春と動画とこれから

去年初めてのロックダウン中に何かしなくておかしくなってしまうと思って始めたそんな試みの一つ。自分に週一度動画を発信するという目標を掲げた2020年の3月から

YouToberになって一年が経過しました。ミアモデナをとサイトの名前をつけた由来

と根本は同じで、私が住むバルサミコ酢が育つ地、モデナの事を私の視点から紹介したくてAkane  in balsamiclandという名前をつけてチャンネルを作りました。

もちろん有名な著名人であるわけでは無いため、チャンネル登録なんて12人増えるか、全く増えない時期が続き、3651年経って振り返るとチャンネル登録をしてくださった方は390人弱。ありがたい事に、1日に平均して1人位の方がチャンネルを登録して下さった計算になります。ビデオや写真のノウハウがあるわけではないし、動画編集なんて、家族の写真とビデオの整理しかしたことがなかったので四苦八苦!
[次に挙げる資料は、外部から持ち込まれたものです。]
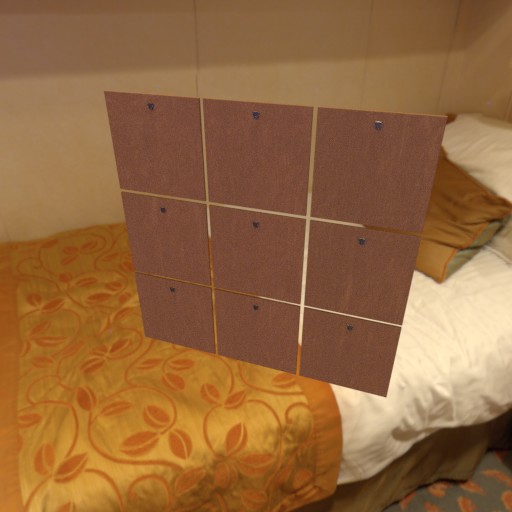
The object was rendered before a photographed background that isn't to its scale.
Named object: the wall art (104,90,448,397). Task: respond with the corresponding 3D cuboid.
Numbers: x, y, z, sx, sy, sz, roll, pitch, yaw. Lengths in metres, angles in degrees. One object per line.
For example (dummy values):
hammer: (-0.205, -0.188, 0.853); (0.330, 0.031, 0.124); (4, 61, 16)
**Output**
wall art: (0.000, 0.000, 2.274); (1.526, 1.522, 0.023); (10, 32, 16)
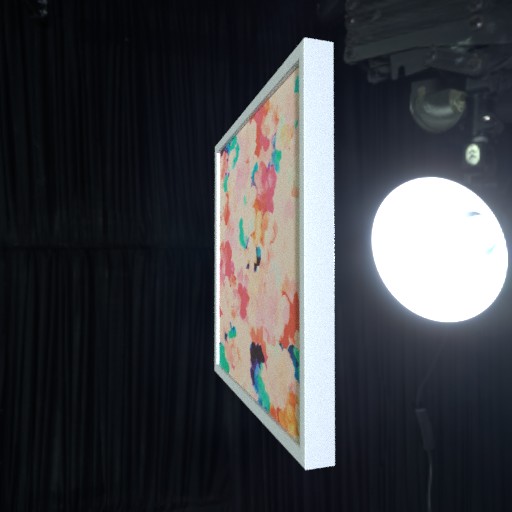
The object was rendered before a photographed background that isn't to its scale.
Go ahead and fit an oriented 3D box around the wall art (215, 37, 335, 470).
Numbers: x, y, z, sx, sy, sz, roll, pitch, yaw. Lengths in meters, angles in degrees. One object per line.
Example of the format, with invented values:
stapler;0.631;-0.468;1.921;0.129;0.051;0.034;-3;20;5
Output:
wall art;0.000;0.000;0.765;0.038;0.505;0.506;0;-1;-17
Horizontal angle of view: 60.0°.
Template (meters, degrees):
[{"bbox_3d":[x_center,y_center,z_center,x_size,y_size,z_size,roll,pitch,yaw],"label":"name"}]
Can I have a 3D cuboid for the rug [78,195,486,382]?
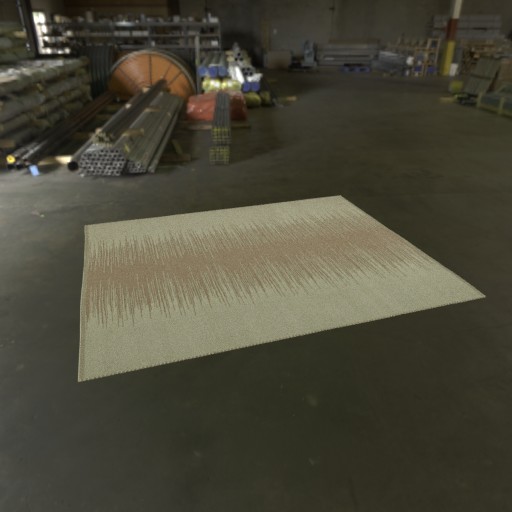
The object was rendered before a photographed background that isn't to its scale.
[{"bbox_3d":[0.000,0.000,4.103,3.048,0.013,2.438,-9,29,-16],"label":"rug"}]
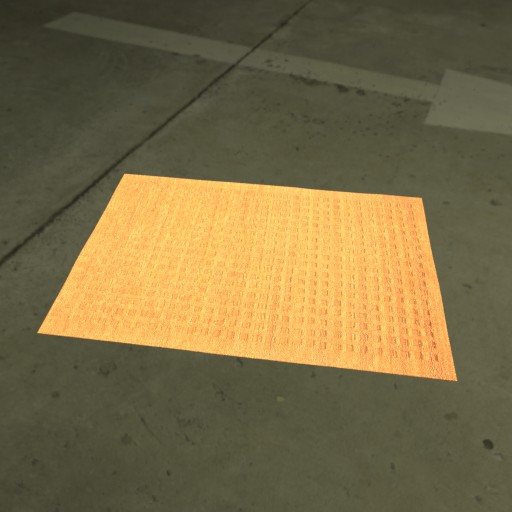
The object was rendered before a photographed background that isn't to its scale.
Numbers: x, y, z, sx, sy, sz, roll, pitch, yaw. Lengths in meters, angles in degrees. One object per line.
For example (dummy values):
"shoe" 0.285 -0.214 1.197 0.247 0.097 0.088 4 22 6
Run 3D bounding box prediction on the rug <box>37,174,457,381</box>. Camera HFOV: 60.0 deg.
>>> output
"rug" 0.000 0.000 2.206 1.747 0.006 1.143 5 47 5
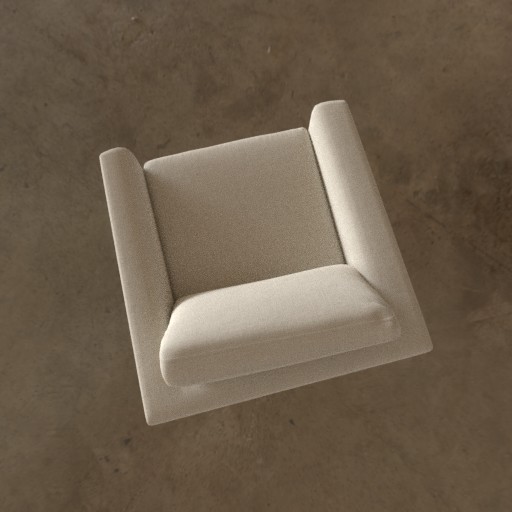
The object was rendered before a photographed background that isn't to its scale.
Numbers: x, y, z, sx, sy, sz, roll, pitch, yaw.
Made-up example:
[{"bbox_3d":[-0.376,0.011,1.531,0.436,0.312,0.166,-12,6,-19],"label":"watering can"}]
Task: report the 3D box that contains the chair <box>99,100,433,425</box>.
[{"bbox_3d":[0.000,0.000,1.875,1.070,0.876,1.100,-14,76,-4],"label":"chair"}]

こういう動画の名前付けから、見てもらえるように表示をする工夫…本当に難しい。

写真や文章とは違う情報の伝え方というのが面白い。写っているものはもちろんだけど、声の抑揚、目線、光の量や音質など些細な事で随分印象が変わってくるというのが、自分で撮って編集すると悪いところが沢山!その反対にこんなところが!と考えもしなかったところが面白かったり。説明しきれていなかったことが伝わることも多々ありました。

もちろん、動画で食べていこうなどと大それた事は微塵も思っていない訳で、強力な情報伝達のツール。これからもバルサミコ酢の良さ、モデナの良さ、イタリアの良さを紹介できるように試行錯誤していきたいと思います。塵も積もれば山となる。60本以上の動画ができました。特に人気があるのはマニアックな「バルサミコ酢を科学する」というシリーズ。実は一番私が力を入れてしゃべりたいものの一つ。一般的なイタリア料理や、バルサミコ酢の使い方なんていう動画より、科学的な事を延々喋っているようなのが好まれるとは!うーむ奥深しYouTobe。

皆さまこれからも懲りずにお付き合いくださいませ。マニアなところはもっと深め、バルサミコ酢のことだけでなく、小さなモデナの生産者やお料理のことなども増やしていきたいと思います。見たことがない方は是非覗いてみてくださいね。リクエストや質問もお待ちしております。

醸造室の紹介ミニ動画を作りました。

「醸造室を見回る、とある春の1日」

Akane in balsamicland 他の動画はこちらからどうぞ。

発酵と年の瀬

2020年が数時間で終わろうとしています。

長かったような短かったような一年。
コロナウイルスに翻弄されたくなかったから、自分を見失いたくなかったから、新しい事を始めた年でした。
まさか去年の今頃、自分が動画を発信するようになるとは思っていなかったし、今まで作らなくてはと思いつつ先延ばしになっていたサイトも自分で一から作る事ができたのはコロナウイルスのおかげです。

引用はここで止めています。